This was observed just four months after an HSE Inspector had stopped work on the same two lathes because safety interlocks had been defeated.

Further investigations revealed the company had provided workers with a spare interlock key to bypass the safety devices.

Hendry Hydraulics Ltd, of Pinefield Industrial Estate, Elgin, Morayshire, pleaded guilty to two breaches of Regulation 11(1) of the Provision and Use of Work Equipment Regulations 1998 and was fined a total of £20,000 (£10,000 for each offence). The company was also ordered to pay costs of £6,621.

After the case, HSE Inspector Sally Brecken said:

"Companies have a legal duty to ensure there are adequate safeguards in place to prevent access to dangerous parts of machinery. This company had already been served a Prohibition Notice in 2009 regarding the defeating of interlocks on machinery.

"These enforcement notices are served only when there is a risk of serious personal injury.

"However, despite the warning, the company failed to maintain standards and when we returned to the site in March 2010 we saw safety devices being defeated for a second time.

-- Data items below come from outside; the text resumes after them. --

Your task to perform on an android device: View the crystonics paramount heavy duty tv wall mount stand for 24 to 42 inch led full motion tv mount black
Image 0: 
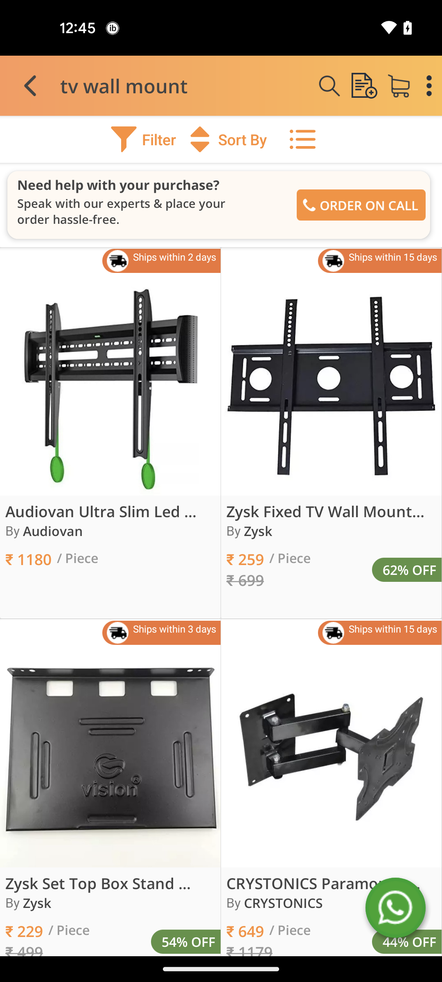
Tap on the crystonics paramount heavy duty tv wall mount stand for 24 to 42 inch led full motion tv mount black
Step 0: click (331, 757)
Image 1: 
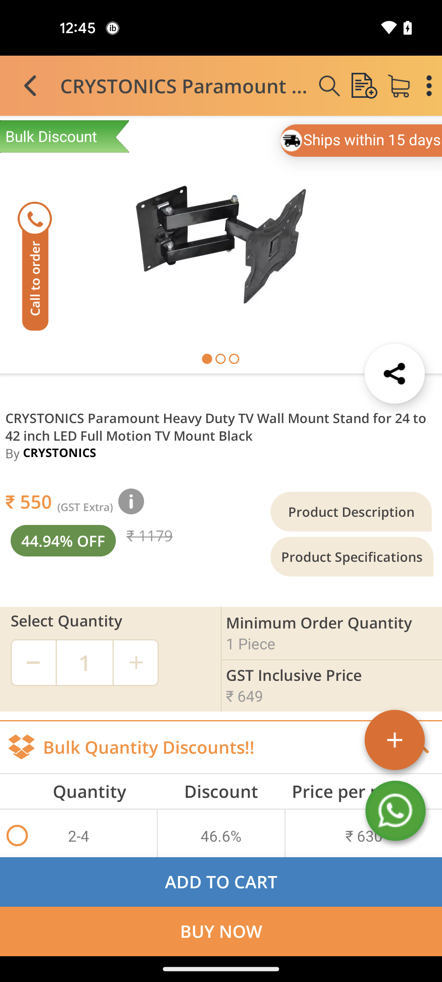
Tap on the product specifications option
Step 1: click (352, 556)

"This has now led to a prosecution but could easily have led to a serious injury. Employers should ensure that advice is followed and standards are maintained."

Notes to editors

  1. The Health and Safety Executive is Britain's national regulator for workplace health and safety. It aims to reduce work-related death, injury and ill health. It does so through research, information and advice; promoting training; new or revised regulations and codes of practice; and working with local authority partners by inspection, investigation and enforcement. http://www.hse.gov.uk
  2. Regulation 11(1) of the Provision and Use of Work Equipment Regulations1998 states: "Every employer shall ensure that measures are taken which are effective - (a) to prevent access to any dangerous part of machinery or to any rotating stock-bar; or (b) to stop the movement of any dangerous part of machinery or rotating stock-bar before any part of a person enters a danger zone."
  3. The court also ordered Hendry Hydraulics Ltd to pay a separate £15 victim surcharge, the proceeds of which will be spent on services for victims and witnesses.
  4. HSE issues enforcement notices when it finds serious breaches of health and safety regulations. There are two types of notices - Improvement, which require changes to be made within a set timescale, and Prohibition, which require that work is stopped immediately until improvements have been made.
  5. HSE Inspector Sally Brecken is available for interviews upon request.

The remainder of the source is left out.